Data records:
------------------------------------------------

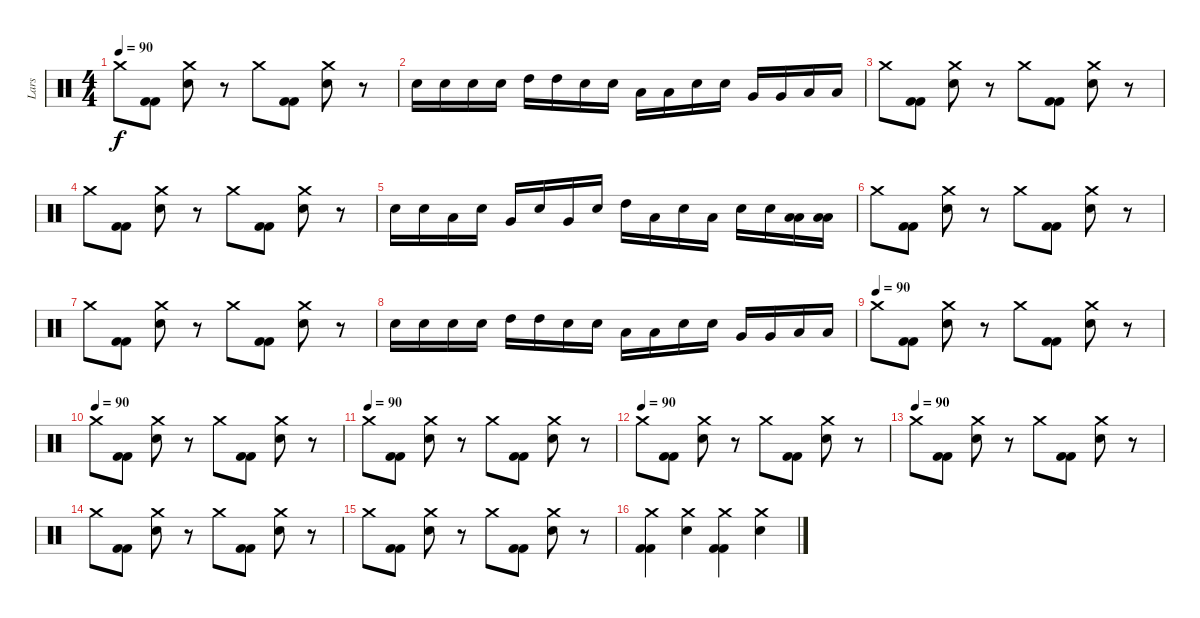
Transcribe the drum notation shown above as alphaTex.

\track ("Lars" "Lars") {instrument percussion}
\staff {score}
\articulation defaults
\ts (4 4)
\tempo 90
\clef neutral
\ks c "Crash medium (hit)".8{dy f}
("Kick (hit) 2" "Kick (hit) 2").8 ("Electric Snare (hit)" "Crash medium (hit)").8 r.8 "Crash medium (hit)".8 ("Kick (hit) 2" "Kick (hit) 2").8 ("Crash medium (hit)" "Electric Snare (hit)").8 r.8 |
"Electric Snare (hit)".16 "Electric Snare (hit)".16 "Electric Snare (hit)".16 "Electric Snare (hit)".16 "High Tom (hit)".16 "High Tom (hit)".16 "Electric Snare (hit)".16 "Electric Snare (hit)".16 "Low Tom (hit)".16 "Low Tom (hit)".16 "Electric Snare (hit)".16 "Electric Snare (hit)".16 "Very Low Tom (hit)".16 "Very Low Tom (hit)".16 "Low Floor Tom (hit)".16 "Low Floor Tom (hit)".16 |
"Crash medium (hit)".8 ("Kick (hit) 2" "Kick (hit) 2").8 ("Electric Snare (hit)" "Crash medium (hit)").8 r.8 "Crash medium (hit)".8 ("Kick (hit) 2" "Kick (hit) 2").8 ("Crash medium (hit)" "Electric Snare (hit)").8 r.8 |
"Crash medium (hit)".8 ("Kick (hit) 2" "Kick (hit) 2").8 ("Electric Snare (hit)" "Crash medium (hit)").8 r.8 "Crash medium (hit)".8 ("Kick (hit) 2" "Kick (hit) 2").8 ("Crash medium (hit)" "Electric Snare (hit)").8 r.8 |
"Electric Snare (hit)".16 "Electric Snare (hit)".16 "Low Tom (hit)".16 "Electric Snare (hit)".16 "Very Low Tom (hit)".16 "Electric Snare (hit)".16 "Very Low Tom (hit)".16 "Electric Snare (hit)".16 "High Tom (hit)".16 "Low Tom (hit)".16 "Electric Snare (hit)".16 "Low Tom (hit)".16 "Electric Snare (hit)".16 "Electric Snare (hit)".16 ("Low Floor Tom (hit)" "Low Floor Tom (hit)").16 ("Low Floor Tom (hit)" "Low Floor Tom (hit)").16 |
"Crash medium (hit)".8 ("Kick (hit) 2" "Kick (hit) 2").8 ("Electric Snare (hit)" "Crash medium (hit)").8 r.8 "Crash medium (hit)".8 ("Kick (hit) 2" "Kick (hit) 2").8 ("Crash medium (hit)" "Electric Snare (hit)").8 r.8 |
"Crash medium (hit)".8 ("Kick (hit) 2" "Kick (hit) 2").8 ("Electric Snare (hit)" "Crash medium (hit)").8 r.8 "Crash medium (hit)".8 ("Kick (hit) 2" "Kick (hit) 2").8 ("Crash medium (hit)" "Electric Snare (hit)").8 r.8 |
"Electric Snare (hit)".16 "Electric Snare (hit)".16 "Electric Snare (hit)".16 "Electric Snare (hit)".16 "High Tom (hit)".16 "High Tom (hit)".16 "Electric Snare (hit)".16 "Electric Snare (hit)".16 "Low Tom (hit)".16 "Low Tom (hit)".16 "Electric Snare (hit)".16 "Electric Snare (hit)".16 "Very Low Tom (hit)".16 "Very Low Tom (hit)".16 "Low Floor Tom (hit)".16 "Low Floor Tom (hit)".16 |
\tempo (90)
"Crash medium (hit)".8 ("Kick (hit) 2" "Kick (hit) 2").8 ("Electric Snare (hit)" "Crash medium (hit)").8 r.8 "Crash medium (hit)".8 ("Kick (hit) 2" "Kick (hit) 2").8 ("Electric Snare (hit)" "Crash medium (hit)").8 r.8 |
\tempo (90)
"Crash medium (hit)".8 ("Kick (hit) 2" "Kick (hit) 2").8 ("Electric Snare (hit)" "Crash medium (hit)").8 r.8 "Crash medium (hit)".8 ("Kick (hit) 2" "Kick (hit) 2").8 ("Electric Snare (hit)" "Crash medium (hit)").8 r.8 |
\tempo (90)
"Crash medium (hit)".8 ("Kick (hit) 2" "Kick (hit) 2").8 ("Electric Snare (hit)" "Crash medium (hit)").8 r.8 "Crash medium (hit)".8 ("Kick (hit) 2" "Kick (hit) 2").8 ("Electric Snare (hit)" "Crash medium (hit)").8 r.8 |
\tempo (90)
"Crash medium (hit)".8 ("Kick (hit) 2" "Kick (hit) 2").8 ("Electric Snare (hit)" "Crash medium (hit)").8 r.8 "Crash medium (hit)".8 ("Kick (hit) 2" "Kick (hit) 2").8 ("Electric Snare (hit)" "Crash medium (hit)").8 r.8 |
\tempo (90)
"Crash medium (hit)".8 ("Kick (hit) 2" "Kick (hit) 2").8 ("Electric Snare (hit)" "Crash medium (hit)").8 r.8 "Crash medium (hit)".8 ("Kick (hit) 2" "Kick (hit) 2").8 ("Electric Snare (hit)" "Crash medium (hit)").8 r.8 |
"Crash medium (hit)".8 ("Kick (hit) 2" "Kick (hit) 2").8 ("Electric Snare (hit)" "Crash medium (hit)").8 r.8 "Crash medium (hit)".8 ("Kick (hit) 2" "Kick (hit) 2").8 ("Electric Snare (hit)" "Crash medium (hit)").8 r.8 |
"Crash medium (hit)".8 ("Kick (hit) 2" "Kick (hit) 2").8 ("Electric Snare (hit)" "Crash medium (hit)").8 r.8 "Crash medium (hit)".8 ("Kick (hit) 2" "Kick (hit) 2").8 ("Electric Snare (hit)" "Crash medium (hit)").8 r.8 |
("Crash medium (hit)" "Kick (hit) 2" "Kick (hit) 2").4 ("Electric Snare (hit)" "Crash medium (hit)").4 ("Crash medium (hit)" "Kick (hit) 2" "Kick (hit) 2").4 ("Electric Snare (hit)" "Crash medium (hit)").4

------------------------------------------------

Could the data above be returned in full, exactly, with every image left out?

# Written response:
Transcribe the drum notation shown above as alphaTex.

\track ("Lars" "Lars") {instrument percussion}
\staff {score}
\articulation defaults
\ts (4 4)
\tempo 90
\clef neutral
\ks c "Crash medium (hit)".8{dy f}
("Kick (hit) 2" "Kick (hit) 2").8 ("Electric Snare (hit)" "Crash medium (hit)").8 r.8 "Crash medium (hit)".8 ("Kick (hit) 2" "Kick (hit) 2").8 ("Crash medium (hit)" "Electric Snare (hit)").8 r.8 |
"Electric Snare (hit)".16 "Electric Snare (hit)".16 "Electric Snare (hit)".16 "Electric Snare (hit)".16 "High Tom (hit)".16 "High Tom (hit)".16 "Electric Snare (hit)".16 "Electric Snare (hit)".16 "Low Tom (hit)".16 "Low Tom (hit)".16 "Electric Snare (hit)".16 "Electric Snare (hit)".16 "Very Low Tom (hit)".16 "Very Low Tom (hit)".16 "Low Floor Tom (hit)".16 "Low Floor Tom (hit)".16 |
"Crash medium (hit)".8 ("Kick (hit) 2" "Kick (hit) 2").8 ("Electric Snare (hit)" "Crash medium (hit)").8 r.8 "Crash medium (hit)".8 ("Kick (hit) 2" "Kick (hit) 2").8 ("Crash medium (hit)" "Electric Snare (hit)").8 r.8 |
"Crash medium (hit)".8 ("Kick (hit) 2" "Kick (hit) 2").8 ("Electric Snare (hit)" "Crash medium (hit)").8 r.8 "Crash medium (hit)".8 ("Kick (hit) 2" "Kick (hit) 2").8 ("Crash medium (hit)" "Electric Snare (hit)").8 r.8 |
"Electric Snare (hit)".16 "Electric Snare (hit)".16 "Low Tom (hit)".16 "Electric Snare (hit)".16 "Very Low Tom (hit)".16 "Electric Snare (hit)".16 "Very Low Tom (hit)".16 "Electric Snare (hit)".16 "High Tom (hit)".16 "Low Tom (hit)".16 "Electric Snare (hit)".16 "Low Tom (hit)".16 "Electric Snare (hit)".16 "Electric Snare (hit)".16 ("Low Floor Tom (hit)" "Low Floor Tom (hit)").16 ("Low Floor Tom (hit)" "Low Floor Tom (hit)").16 |
"Crash medium (hit)".8 ("Kick (hit) 2" "Kick (hit) 2").8 ("Electric Snare (hit)" "Crash medium (hit)").8 r.8 "Crash medium (hit)".8 ("Kick (hit) 2" "Kick (hit) 2").8 ("Crash medium (hit)" "Electric Snare (hit)").8 r.8 |
"Crash medium (hit)".8 ("Kick (hit) 2" "Kick (hit) 2").8 ("Electric Snare (hit)" "Crash medium (hit)").8 r.8 "Crash medium (hit)".8 ("Kick (hit) 2" "Kick (hit) 2").8 ("Crash medium (hit)" "Electric Snare (hit)").8 r.8 |
"Electric Snare (hit)".16 "Electric Snare (hit)".16 "Electric Snare (hit)".16 "Electric Snare (hit)".16 "High Tom (hit)".16 "High Tom (hit)".16 "Electric Snare (hit)".16 "Electric Snare (hit)".16 "Low Tom (hit)".16 "Low Tom (hit)".16 "Electric Snare (hit)".16 "Electric Snare (hit)".16 "Very Low Tom (hit)".16 "Very Low Tom (hit)".16 "Low Floor Tom (hit)".16 "Low Floor Tom (hit)".16 |
\tempo (90)
"Crash medium (hit)".8 ("Kick (hit) 2" "Kick (hit) 2").8 ("Electric Snare (hit)" "Crash medium (hit)").8 r.8 "Crash medium (hit)".8 ("Kick (hit) 2" "Kick (hit) 2").8 ("Electric Snare (hit)" "Crash medium (hit)").8 r.8 |
\tempo (90)
"Crash medium (hit)".8 ("Kick (hit) 2" "Kick (hit) 2").8 ("Electric Snare (hit)" "Crash medium (hit)").8 r.8 "Crash medium (hit)".8 ("Kick (hit) 2" "Kick (hit) 2").8 ("Electric Snare (hit)" "Crash medium (hit)").8 r.8 |
\tempo (90)
"Crash medium (hit)".8 ("Kick (hit) 2" "Kick (hit) 2").8 ("Electric Snare (hit)" "Crash medium (hit)").8 r.8 "Crash medium (hit)".8 ("Kick (hit) 2" "Kick (hit) 2").8 ("Electric Snare (hit)" "Crash medium (hit)").8 r.8 |
\tempo (90)
"Crash medium (hit)".8 ("Kick (hit) 2" "Kick (hit) 2").8 ("Electric Snare (hit)" "Crash medium (hit)").8 r.8 "Crash medium (hit)".8 ("Kick (hit) 2" "Kick (hit) 2").8 ("Electric Snare (hit)" "Crash medium (hit)").8 r.8 |
\tempo (90)
"Crash medium (hit)".8 ("Kick (hit) 2" "Kick (hit) 2").8 ("Electric Snare (hit)" "Crash medium (hit)").8 r.8 "Crash medium (hit)".8 ("Kick (hit) 2" "Kick (hit) 2").8 ("Electric Snare (hit)" "Crash medium (hit)").8 r.8 |
"Crash medium (hit)".8 ("Kick (hit) 2" "Kick (hit) 2").8 ("Electric Snare (hit)" "Crash medium (hit)").8 r.8 "Crash medium (hit)".8 ("Kick (hit) 2" "Kick (hit) 2").8 ("Electric Snare (hit)" "Crash medium (hit)").8 r.8 |
"Crash medium (hit)".8 ("Kick (hit) 2" "Kick (hit) 2").8 ("Electric Snare (hit)" "Crash medium (hit)").8 r.8 "Crash medium (hit)".8 ("Kick (hit) 2" "Kick (hit) 2").8 ("Electric Snare (hit)" "Crash medium (hit)").8 r.8 |
("Crash medium (hit)" "Kick (hit) 2" "Kick (hit) 2").4 ("Electric Snare (hit)" "Crash medium (hit)").4 ("Crash medium (hit)" "Kick (hit) 2" "Kick (hit) 2").4 ("Electric Snare (hit)" "Crash medium (hit)").4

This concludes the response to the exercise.